Porcine T lymphocytes and their contribution to an effective immune response after vaccination
Published:October 10, 2014
By:A Saalmüller1, S Talker1, H Koinig1,2, K Mair1, K Reutner1, C Sedlak1, IM Rodríguez-Gómez1, T Käser3, A Ladinig2,4,
SE Essler1, M Patzl1, M Ritzmann5, I Hennig-Pauka2, W Gerner1 ( 1Institute of Immunology, Dept. of Pathobiology, University of Veterinary Medicine Vienna, Austria, 2University Clinic
for Swine, Dept. for Farm Animals and Veterinary Public Health, University of Veterinary Medicine Vienna, Vienna,
Austria,3VIDO-InterVac, University of Saskatchewan, Saskatoon, Canada, 4 Western College of Vete
T cells play a central role in the immune response after infection and vaccination. Two main groups of T cells can be discriminated: T cells with antigen-specific T-cell receptors (TcR) consisting of α and β chains which represent the “classical” T cells, and T cells with TcR γδ chains with less characterized immunological functions. In swine, TcR γδ T cells are a prominent and heterogeneous T-cell subpopulation that is characterized by IFN-γ and IL-17 production. CD2+γδ T cells are mainly responsible for IFN-γ production, whereas IL-17 producers belong in their majority to the CD2- subset. Beside these functions after polyclonal activation the specific ligands recognized by the respective γδ TcR and the corresponding antigen-specific activation are currently unknown.

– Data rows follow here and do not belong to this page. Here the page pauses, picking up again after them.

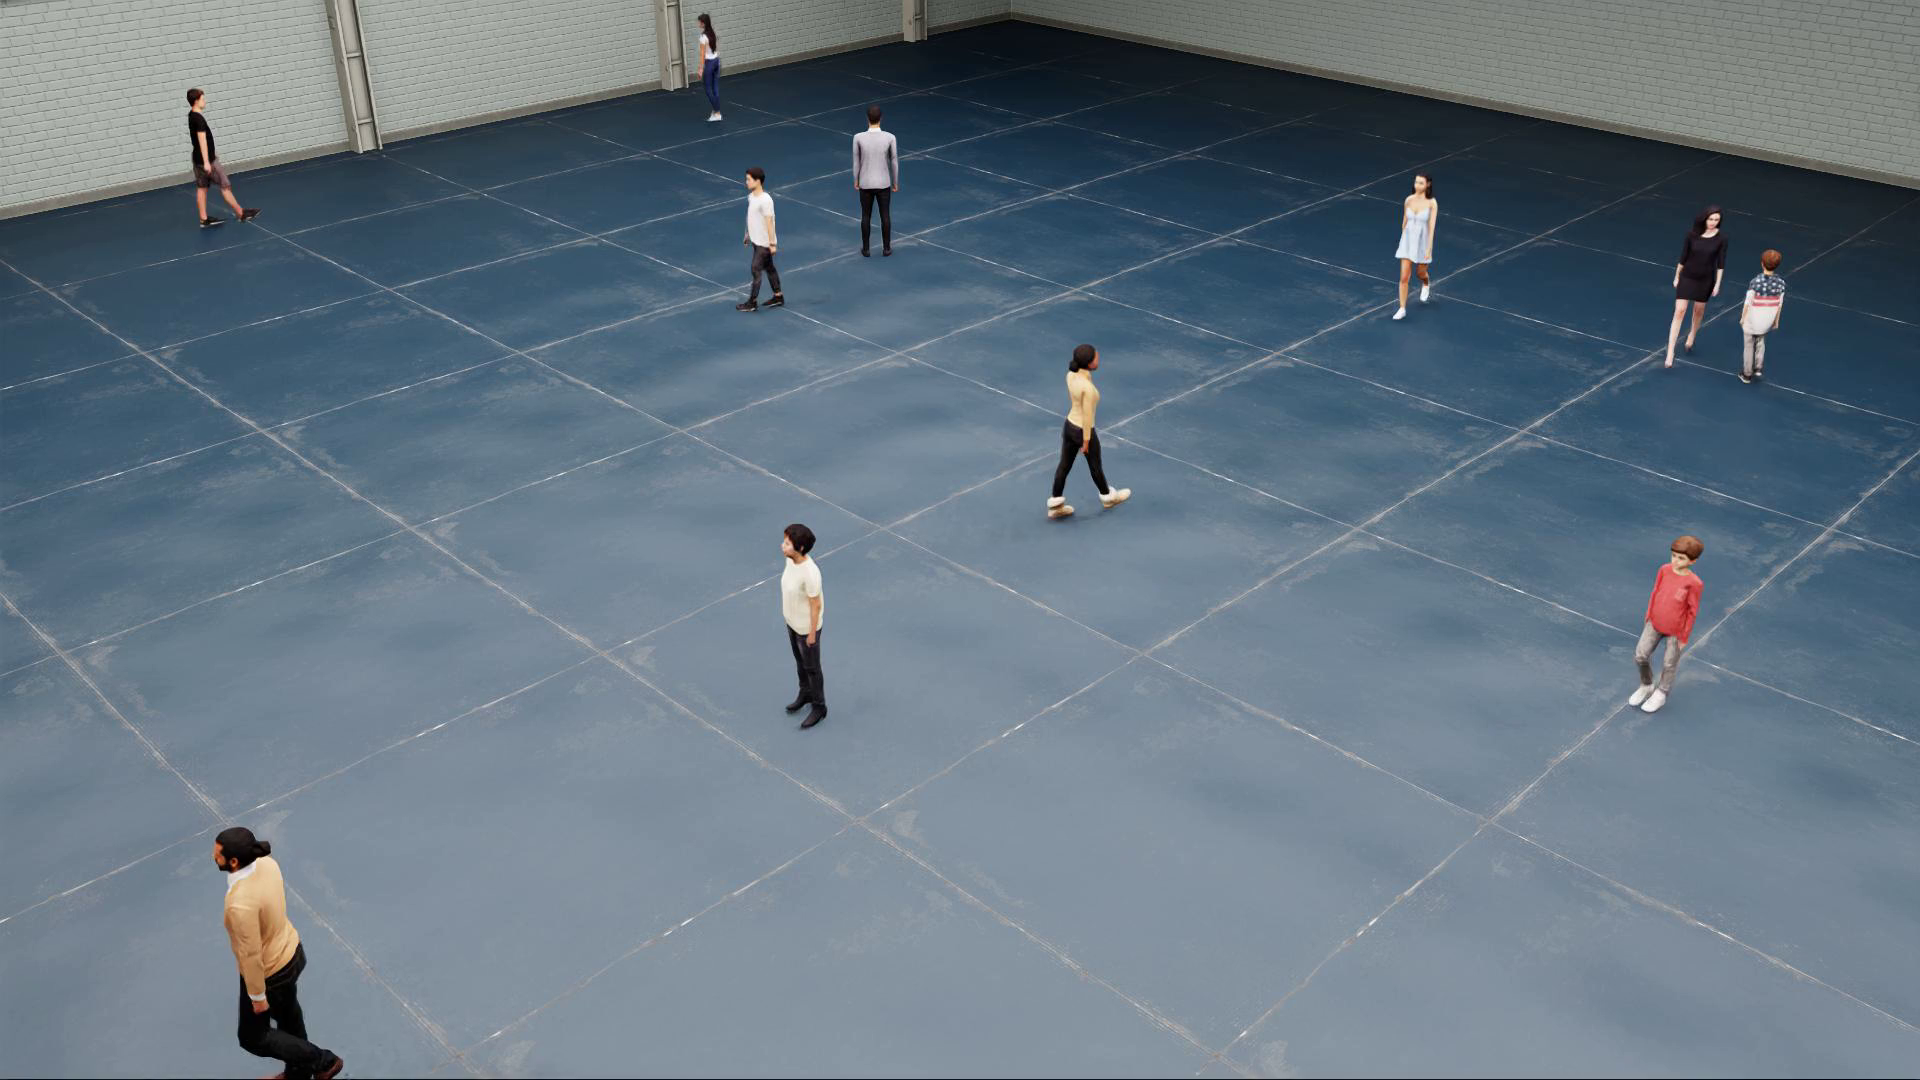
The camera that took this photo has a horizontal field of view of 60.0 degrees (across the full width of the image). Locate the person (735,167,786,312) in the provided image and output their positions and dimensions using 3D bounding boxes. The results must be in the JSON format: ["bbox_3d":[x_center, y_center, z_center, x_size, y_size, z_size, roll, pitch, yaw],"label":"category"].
[{"bbox_3d":[-2.240,-3.542,19.544,0.979,1.701,0.825,-12,30,-22],"label":"person"}]

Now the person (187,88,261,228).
[{"bbox_3d":[-10.225,-5.102,22.327,1.072,1.837,0.812,-19,33,-31],"label":"person"}]

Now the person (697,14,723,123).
[{"bbox_3d":[-4.123,-7.861,27.599,0.864,1.751,0.722,16,32,27],"label":"person"}]

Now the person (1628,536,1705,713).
[{"bbox_3d":[5.190,0.593,12.084,0.533,1.413,0.555,-19,33,-32],"label":"person"}]

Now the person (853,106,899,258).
[{"bbox_3d":[-1.089,-4.579,21.255,0.795,1.922,0.870,-2,28,-3],"label":"person"}]

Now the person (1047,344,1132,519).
[{"bbox_3d":[0.988,-0.934,14.722,1.110,1.630,0.799,-15,32,-26],"label":"person"}]

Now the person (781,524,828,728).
[{"bbox_3d":[-1.116,0.597,11.892,0.575,1.587,0.644,-14,31,-25],"label":"person"}]

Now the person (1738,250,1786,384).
[{"bbox_3d":[8.472,-2.337,17.568,0.612,1.431,0.673,1,28,1],"label":"person"}]

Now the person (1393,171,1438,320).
[{"bbox_3d":[5.355,-3.448,19.357,0.716,1.710,1.062,18,33,30],"label":"person"}]

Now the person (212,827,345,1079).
[{"bbox_3d":[-3.531,2.223,8.667,0.937,1.749,0.875,-3,28,-6],"label":"person"}]

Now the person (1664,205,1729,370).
[{"bbox_3d":[8.003,-2.768,18.038,0.870,1.750,1.194,13,31,23],"label":"person"}]

Within the TcR αβ T cells two main subsets are characterized: major histocompatibility class I (MHC-I) restricted CD8+ T cells with mainly cytolytic effector functions and MHC-II restricted CD4+ T cells. These CD4+ T cells are involved in the fine tuning of immune responses of the innate as well as the adaptive immune system. After activation via MHC-II presented peptides, CD4+ T cells differentiate into various effector cell populations to accomplish their diverse functions. As a consequence, the differentiated CD4+ population represents a functionally heterogeneous population containing a panel of cell subsets with different effector functions: TH1, TH2, TH17, and regulatory T cells (Tregs). In swine, knowledge about these functionally characterized subsets is still rudimental and a range of open questions exists. Tregs, identified by the expression of the transcription factor Foxp3, play a crucial role in the down-regulation and modulation of immune responses and in swine the majority of them are defined by a co-expression of CD4 and CD25. Especially CD4+ T cells with high CD25 expression show cell-cell contact dependent regulatory activity. CD25 low positive CD4+ cells seem to be potent producers of IL-10. For an efficacious vaccination these cells might have a negative impact and a stimulation of this subset has to be avoided. More important for a protective immune response are TH1, TH2 and TH17 cells. In contrast to the naïve CD4+ T-cell subpopulation, porcine differentiated CD4+ T cells show the peculiarity of a CD8α expression. The CD4+CD8α+ T cell subpopulation contains activated as well as memory Thelper cells. CD4+CD8α+ T cells showing a production of IL-17 can be characterized as porcine TH17 cells with the capacity for stimulation of neutrophils and are therefore involved in the immune response against bacterial antigens.
IFN-γ and TNF-α producing T cells are also included in the heterogeneous CD4+CD8α+ subpopulation and represent porcine TH1 cells. CD27 expression discriminates CD4+CD8α + T cells into CD27+ and CD27- cells with characteristics of central and effector memory T-helper cells, respectively.
The generation of CD4+ memory T cells is a hallmark of efficacious vaccines. Consequently, these vaccine antigenspecific memory T cells should be detectable in functional assays. ELISpot analyses can be used to detect the frequency of vaccine-antigen specific IFN-γ, TNF-α or IL-17 producing cells and thereby enable a quantitative analysis of memory cells induced by vaccination. More detailed analyses can be performed by flow cytometry (FCM). FCM enables the identification of the phenotype of antigen-specific cytokine producing cells. Thereby, the involvement of CD8+ cytolytic T cells or the detailed phenotype of the CD4+ T cell population in regard to central or effector memory cells can be identified. Furthermore, FCM provides the possibility to detect multi-functional T cells producing two and more cytokines on the single cell level. The presence of multi-functional T cells may represent a correlate of a successful immune-stimulation. Whether these T cells will furthermore represent correlates of protection has to be elucidated for each vaccine and for each infectious disease.